Robotic ultrasound navigation for scoliosis (Victorova et al., 2021) demonstrates curvature-driven task localization in a closed-loop robotic context:

  • The robot localizes spinous processes in real-time ultrasound via deep CNN inference, filtering detections to yield a smooth estimated curvature (lateral trajectory x(y)x(y)).
  • Control commands (lateral velocity, probe pitch, force-based coupling) are directly modulated by this curvature estimate, keeping anatomical landmarks centered in the field of view.
  • Coronal reconstructions and scoliosis angle measurements are derived from the curvature-following trajectory.
  • Quantitative trials validate that robotic curvature-following outperforms manual scanning in localization error and trajectory smoothness, with consistent anatomical angle measurements.

This workflow integrates perception, curvature estimation, and action for robust task localization in a deformable, anatomical setting.

8. Significance and Future Directions

Curvature-driven task localization offers a unifying framework for exploiting geometric structure in data and models. It provides:

  • Sub-pixel and sub-voxel localization in vision and biomedical applications.
  • Modular, low-interference capability merging in large neural architectures.
  • Geometric invariance and robustness in object-centric task transfer.
  • Explanatory power for task separation and optimization dynamics in multi-task systems.

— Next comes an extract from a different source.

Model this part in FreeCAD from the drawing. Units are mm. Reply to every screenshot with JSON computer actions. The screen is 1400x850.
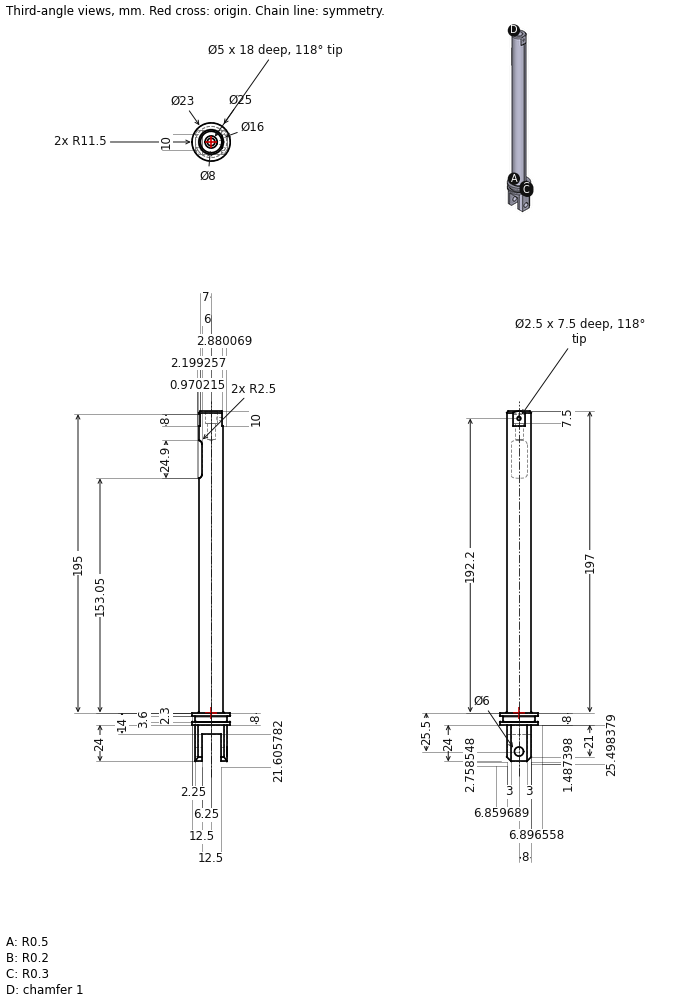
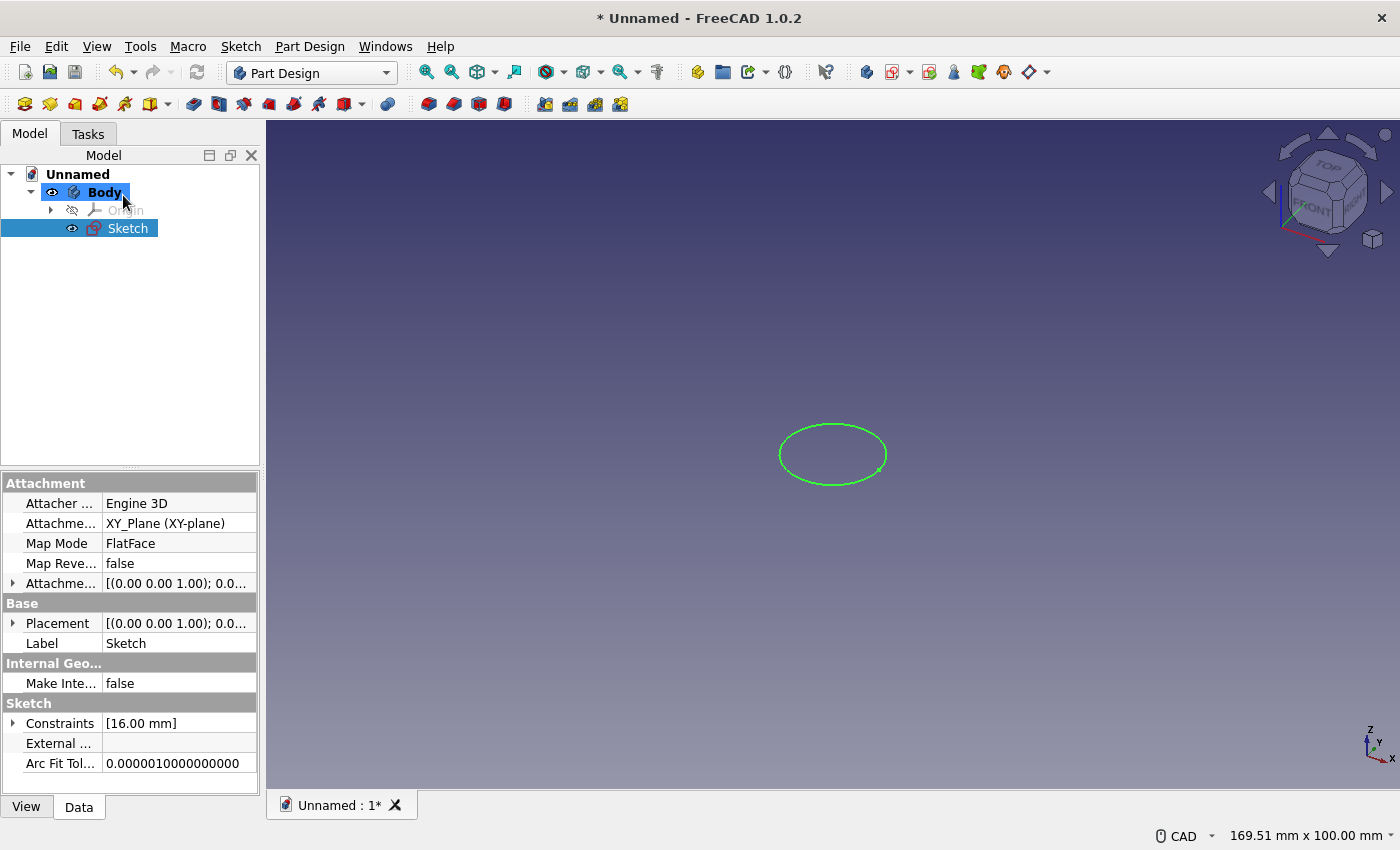
{"action": "left_click", "coordinate": [25, 104]}

Outstanding challenges encompass the design and validation of curvature-adaptive training or merging schemes in multi-task learning (New et al., 2022), further theoretical integration of curvature-weighted diffusion in manipulation (Bilaloglu et al., 23 Nov 2025), and scalability to large-scale, high-dimensional systems. The empirical and theoretical foundation established in these cited works demonstrates critical progress toward geometric task localization in both computational and embodied AI systems.